Yassamin Ansari has a message for the Trump administration: you're punishing people for doing everything right.
The congresswoman has been vocal in recent weeks about a quiet but consequential policy shift, a Trump administration pause on processing immigration applications for Iranian nationals already living legally in the United States. People with no criminal history and or no violations. Just people waiting on paperwork, now watching their legal status slowly evaporate.
"It's horrifying, actually," Rep. Ansari wrote on X.
To understand why she's so worked up, she provided an example of an Iranian national, married to an American citizen, raising kids who were born here, who has spent years building a career in the U.S. Under this policy, they may be required to leave the country to have their green card case processed abroad.
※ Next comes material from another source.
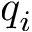Convert formula to latex. <formula><loc_0><loc_0><loc_500><loc_500>q _ { i }</formula> 
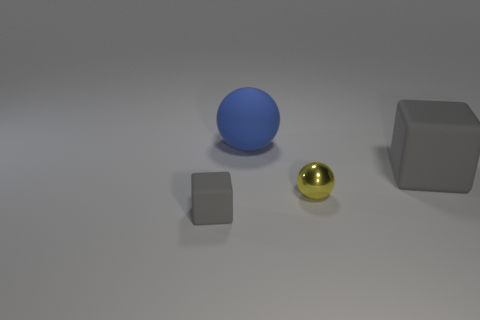Add 2 large objects. How many objects exist? 6 Subtract 1 blocks. How many blocks are left? 1 Subtract all yellow balls. How many balls are left? 1 Subtract 0 brown cylinders. How many objects are left? 4 Subtract all yellow cubes. Subtract all blue spheres. How many cubes are left? 2 Subtract all gray blocks. How many blue spheres are left? 1 Subtract all gray matte things. Subtract all yellow objects. How many objects are left? 1 Add 1 blue rubber balls. How many blue rubber balls are left? 2 Add 2 small brown rubber blocks. How many small brown rubber blocks exist? 2

The problem? There is no U.S. embassy in Iran. Completing the process could mean returning to a country in the middle of political repression and, as of January 2026, a violent crackdown on its own citizens.
"They could be sent back into the hands of a brutal regime," Ansari said.
Her Plan for Relief
She introduced the Iranian Temporary Immigration Relief Act with Rep. Tom Suozzi (D-NY) to address exactly this situation. The bill would grant temporary protected status and work authorization to eligible Iranian nationals whose applications are stuck in limbo, keeping them legal and working and ensuring the government's own delays don't count against them.
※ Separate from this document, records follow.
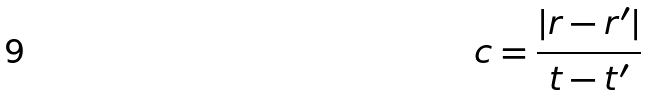Convert formula to latex. <formula><loc_0><loc_0><loc_500><loc_500>c = \frac { | r - r ^ { \prime } | } { t - t ^ { \prime } }</formula> 
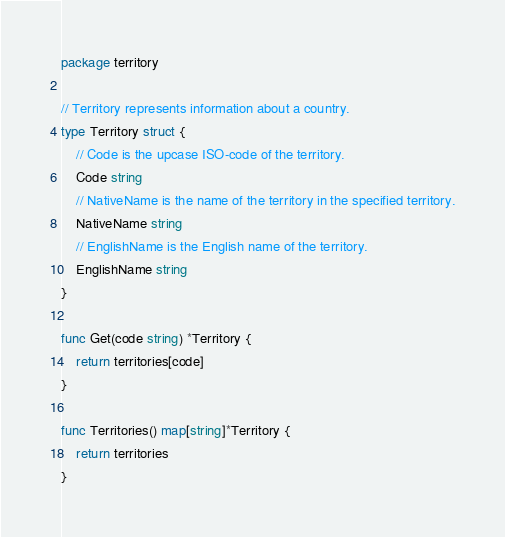Convert code to text. <code><loc_0><loc_0><loc_500><loc_500><_Go_>package territory

// Territory represents information about a country.
type Territory struct {
	// Code is the upcase ISO-code of the territory.
	Code string
	// NativeName is the name of the territory in the specified territory.
	NativeName string
	// EnglishName is the English name of the territory.
	EnglishName string
}

func Get(code string) *Territory {
	return territories[code]
}

func Territories() map[string]*Territory {
	return territories
}
</code>

The bill is deliberately narrow. It excludes anyone with a felony, national security concerns, or ties to the Iranian government or the Revolutionary Guard. Ansari's argument is simple; however, this isn't about open borders, it's about not punishing people for a bureaucratic backlog they didn't create.
She estimates more than 12,000 Iranians are currently affected, people embedded in American communities and workplaces.
Ansari pointed her finger directly at the administration's immigration policy advisor that orchestrated the immigration plan. "Stephen Miller has always pushed cruel and extreme policies," she said. "But this is beyond the pale. The human cost will be catastrophic."